I’ve given them a plug before, but I just have to say again: If you have questions about any tough theological subject — why would a loving God allow suffering? what proof is there for God’s existence? — Lighthouse has a CD that addresses it, and they’re all inexpensive. Take a look at the list of subjects their CDs cover. I highly recommend picking up a couple for Lenten listening.
One of the things I gave up for Lent is skipping songs on my iPod. I can choose the playlist, but I can’t move to another song if I’m not in the mood for one that’s playing.

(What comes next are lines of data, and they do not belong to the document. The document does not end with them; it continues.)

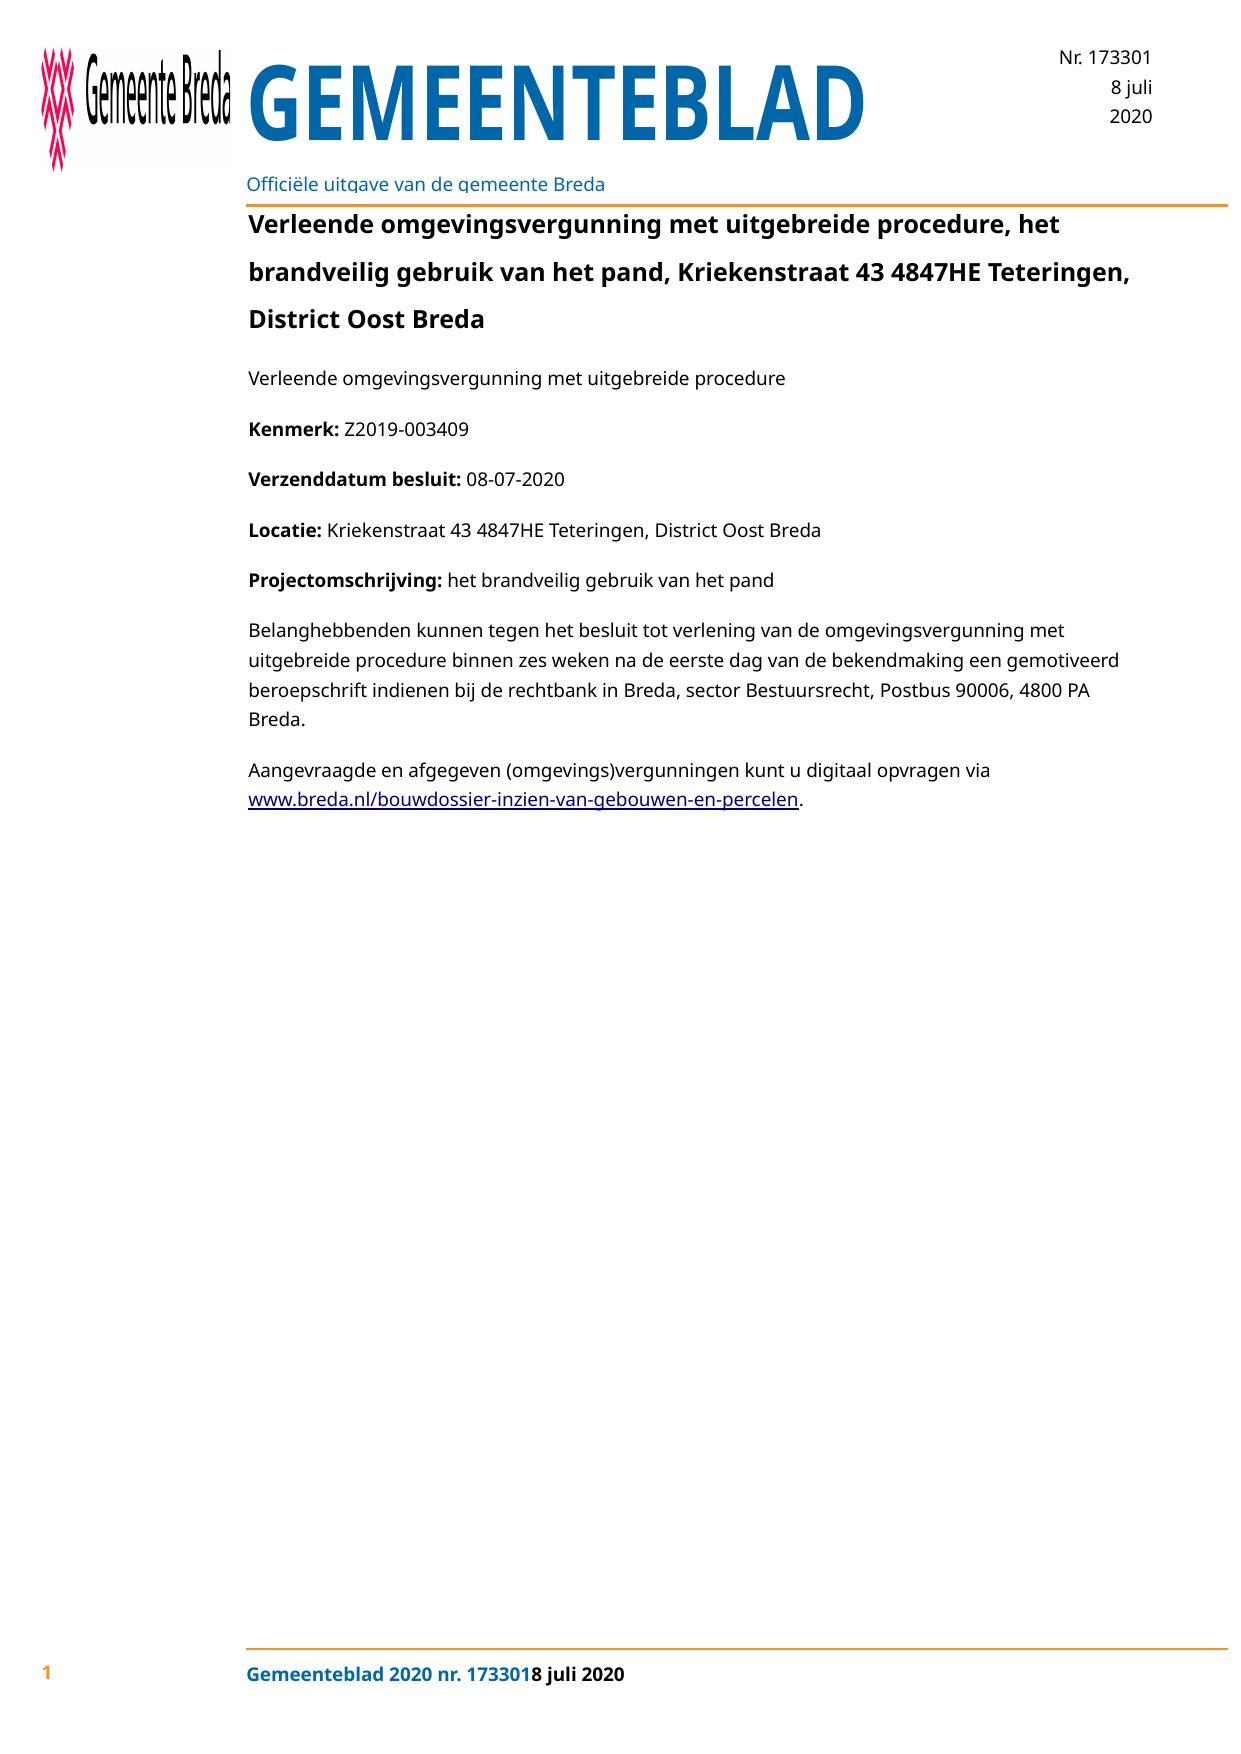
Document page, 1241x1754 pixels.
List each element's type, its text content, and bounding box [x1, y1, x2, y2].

text Verleende omgevingsvergunning met uitgebreide procedure [248, 366, 1152, 391]
text Locatie: Kriekenstraat 43 4847HE Teteringen, District Oost Breda [248, 517, 1152, 542]
text Aangevraagde en afgegeven (omgevings)vergunningen kunt u digitaal opvragen via www.breda.nl/bouwdossier-inzien-van-gebouwen-en-percelen. [248, 757, 1152, 812]
text Projectomschrijving: het brandveilig gebruik van het pand [248, 567, 1152, 593]
text Kenmerk: Z2019-003409 [248, 416, 1152, 442]
text Verleende omgevingsvergunning met uitgebreide procedure, het brandveilig gebruik van het pand, Kriekenstraat 43 4847HE Teteringen, District Oost Breda [248, 207, 1152, 336]
text Verzenddatum besluit: 08-07-2020 [248, 466, 1152, 492]
picture [41, 47, 231, 172]
text Belanghebbenden kunnen tegen het besluit tot verlening van de omgevingsvergunning met uitgebreide procedure binnen zes weken na de eerste dag van de bekendmaking een gemotiveerd beroepschrift indienen bij de rechtbank in Breda, sector Bestuursrecht, Postbus 90006, 4800 PA Breda. [248, 618, 1152, 732]
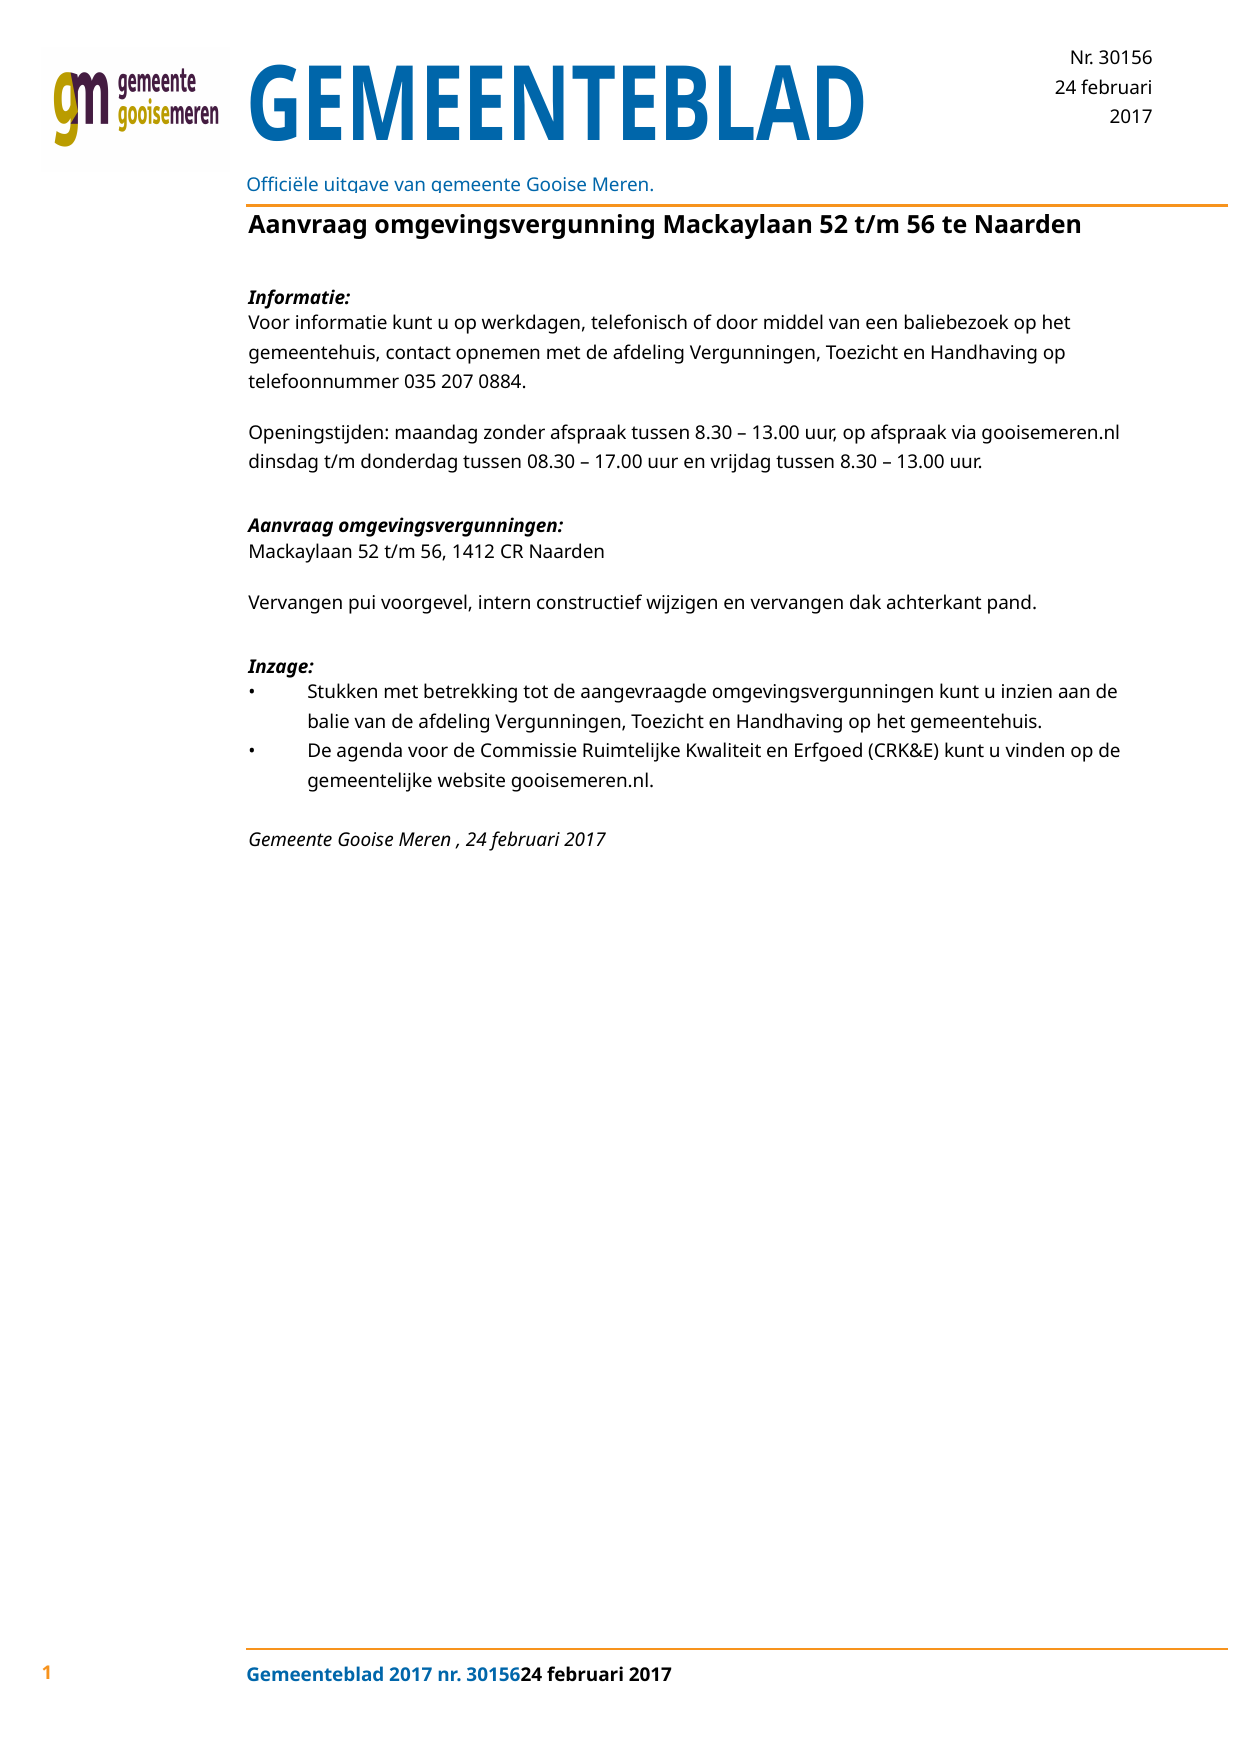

When I told Joe, he was like, “Don’t wear yourself out there, St. John of the Cross!” But I defend this as a good Lenten sacrifice. I was inspired by a post Betty Duffy wrote way back in 2009 that has stuck with me ever since. She said:
Now I go for walks and listen to the ipod which is filled with a lot of classical music, a lot of folk, a lot of rock, and a bit of country. I set it on “shuffle” and skip song after song that appears on the screen. “No. Not that. Can’t tolerate this one right now. Does not match my mood.” Music must serve me by sustaining desired feelings or changing undesirable ones. And it had better not challenge me, because my life is challenging enough.
It’s sad because it is yet another sign of my insistence on making everything I touch, see, hear, taste, or smell reflect my emotions and my experience. And it is another sign of how almost all technological gadgetry has the ability to foster narcissism.
I think of those last two sentences almost every time I skip through song after song on my iPod, not giving them a chance because they aren’t a perfect reflection of my current state of mind. I don’t think it’s necessarily wrong…but I do think that it’ll be a surprisingly good exercise to force myself to seek inspiration in what I am given, rather than trying to force it on my own.
I’m speaking at Ignited by Truth in Raleigh, NC in a few weeks! Anyone want to take bets on whether my suitcase from this trip will be unpacked before then?